June 5, 2012 - Toronto, Ontario - Trelawney Mining and Exploration Inc. (the "Company" or "Trelawney") (TSXV: TRR, Frankfurt: RTW) announces that Institutional Shareholder Services ("ISS") and Glass Lewis & Co. ("Glass Lewis") have both recommended that shareholders vote FOR the special resolution to approve the plan of arrangement (the "Arrangement") between Trelawney and 2324010 Ontario Inc., a wholly-owned subsidiary of IAMGOLD Corporation ("IAMGOLD"), to be considered at the upcoming special meeting of shareholders of Trelawney to be held at 11:00 a.m. (Toronto time) on June 15, 2012, at the Toronto Board of Trade, 1 First Canadian Place, 3rd Floor, Toronto, Ontario, Canada.

Both ISS and Glass Lewis are independent proxy advisory firms who, among other services, provide proxy voting recommendations to pension funds, investment managers, mutual funds and other institutional shareholders.
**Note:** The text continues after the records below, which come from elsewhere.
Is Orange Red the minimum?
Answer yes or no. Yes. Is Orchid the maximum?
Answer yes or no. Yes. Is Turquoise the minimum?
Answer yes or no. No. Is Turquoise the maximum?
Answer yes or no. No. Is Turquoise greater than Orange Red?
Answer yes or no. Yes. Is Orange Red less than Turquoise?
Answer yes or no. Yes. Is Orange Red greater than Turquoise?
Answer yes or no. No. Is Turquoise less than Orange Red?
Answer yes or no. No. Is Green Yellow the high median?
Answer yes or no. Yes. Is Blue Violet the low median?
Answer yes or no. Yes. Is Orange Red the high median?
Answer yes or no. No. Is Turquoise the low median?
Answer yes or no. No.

In its analysis, ISS said that:

"A vote FOR this proposed merger is warranted because of the sizable premium, the thorough sales process, and the fairness opinion which states the consideration is fair from a financial point of view."*

Trelawney's board of directors has recommended that shareholders vote FOR the Arrangement

Shareholders are reminded to vote their proxy FOR the Arrangement prior to the proxy voting deadline of Wednesday, June 13, 2012 at 11:00 a.m. (Toronto time).

The completion of the proposed Arrangement is subject to a number of customary conditions, including approval of the Ontario Superior Court of Justice and the receipt of all necessary shareholder and regulatory approvals. On May 17, 2012, an advance ruling certificate was received from the Commissioner of Competition with respect to the Arrangement and on May 29, 2012, the Company received conditional approval (subject to customary conditions) from the TSX Venture Exchange with respect to the Arrangement.

Shareholders are encouraged to review the management information circular of Trelawney dated May 15, 2012 (the "Circular"), which provides a detailed discussion of the Arrangement. A copy of the Circular and related documents have been mailed to Trelawney shareholders, holders of Trelawney options, the holder of Trelawney warrants and holders of Trelawney Augen Acquisition Corp. warrants. Copies of the Circular and related documents can be obtained via SEDAR (www.sedar.com) or by contacting Laurel Hill Advisory Group toll-free at 1-877-452-7184 or at 416-304-0211 or by email at assistance@laurelhill.com.

How to Vote

Shareholders may vote by delivering a completed proxy or voting instruction form to Trelawney's transfer agent, Equity Financial Trust Company, in the envelope provided (at 200 University Avenue, Suite 400, Toronto, Ontario, M5H 4H1) or by fax to 416-595-9593 or online at www.voteproxyonline.com by no later than 11:00 a.m. (Toronto time) on June 13, 2012 (or no later than 48 hours, excluding Saturdays, Sundays and holidays, before any reconvened meeting if the meeting is adjourned or postponed). It is recommended that shareholders vote by fax or online as time is of the essence.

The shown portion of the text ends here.